#### What is being asked
Copy out all lines bearing the word "that" from the listing below.

#### Data for analysis

________________

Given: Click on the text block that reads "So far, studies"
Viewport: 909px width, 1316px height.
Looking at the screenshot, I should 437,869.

________________

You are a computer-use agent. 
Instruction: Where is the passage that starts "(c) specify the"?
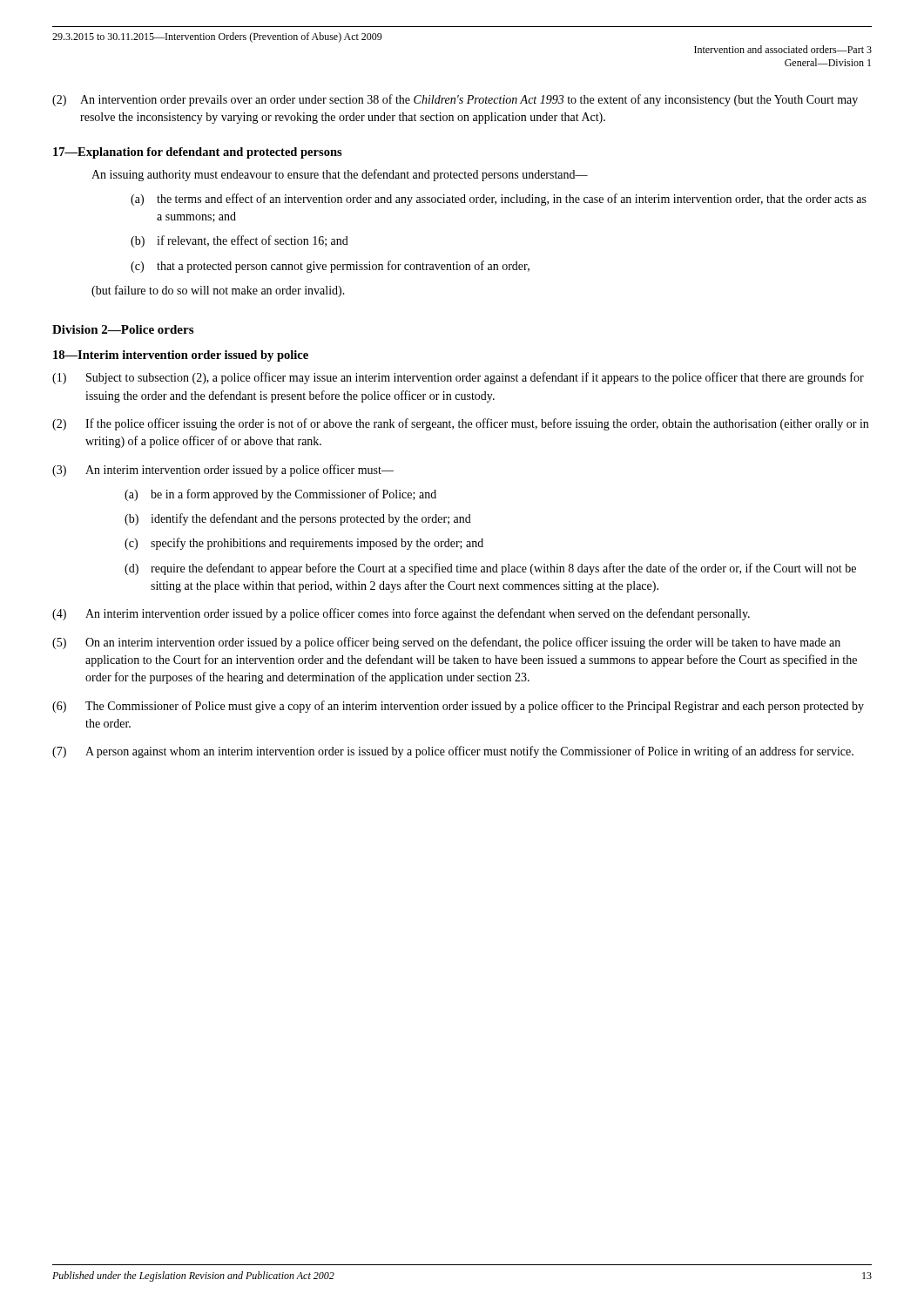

________________

#### Written response
Given: Click on the text block that reads "So far, studies"
Instruction: Where is the passage that starts "(c) specify the"?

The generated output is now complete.